[[ Provided entries, beginning ]]
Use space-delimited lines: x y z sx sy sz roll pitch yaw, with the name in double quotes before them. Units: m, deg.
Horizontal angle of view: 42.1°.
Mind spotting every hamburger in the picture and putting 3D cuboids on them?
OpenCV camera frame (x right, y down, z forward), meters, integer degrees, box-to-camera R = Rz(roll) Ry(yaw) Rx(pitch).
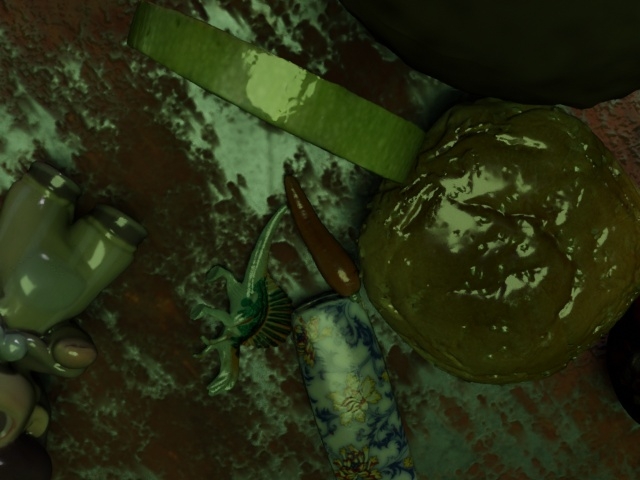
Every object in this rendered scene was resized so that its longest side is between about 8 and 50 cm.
"hamburger" 0.179 0.010 0.795 0.285 0.134 0.265 41 91 -13

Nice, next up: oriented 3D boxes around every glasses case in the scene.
"glasses case" 0.035 0.173 0.840 0.086 0.065 0.248 -18 102 -10

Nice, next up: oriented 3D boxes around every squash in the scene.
"squash" -0.040 -0.120 0.669 0.252 0.252 0.049 23 98 -13

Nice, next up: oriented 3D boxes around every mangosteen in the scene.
"mangosteen" 0.387 0.108 0.842 0.199 0.200 0.200 -2 103 -9

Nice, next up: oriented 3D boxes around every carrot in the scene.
"carrot" 0.000 0.000 0.804 0.035 0.035 0.142 -32 85 -1

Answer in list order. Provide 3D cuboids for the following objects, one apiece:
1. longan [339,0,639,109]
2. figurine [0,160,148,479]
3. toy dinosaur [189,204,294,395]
"longan" 0.180 -0.294 0.621 0.390 0.391 0.392 -2 103 -9
"figurine" -0.310 0.112 0.717 0.248 0.203 0.381 37 83 -21
"toy dinosaur" -0.066 0.066 0.819 0.187 0.044 0.106 -50 119 -9
[[ Provided entries, end ]]
What you will do. Pull every line containing "them" out of the data above.

Result for this task.
Use space-delimited lines: x y z sx sy sz roll pitch yaw, with the name in double quotes before them. Units: m, deg.
Mind spotting every hamburger in the picture and putting 3D cuboids on them?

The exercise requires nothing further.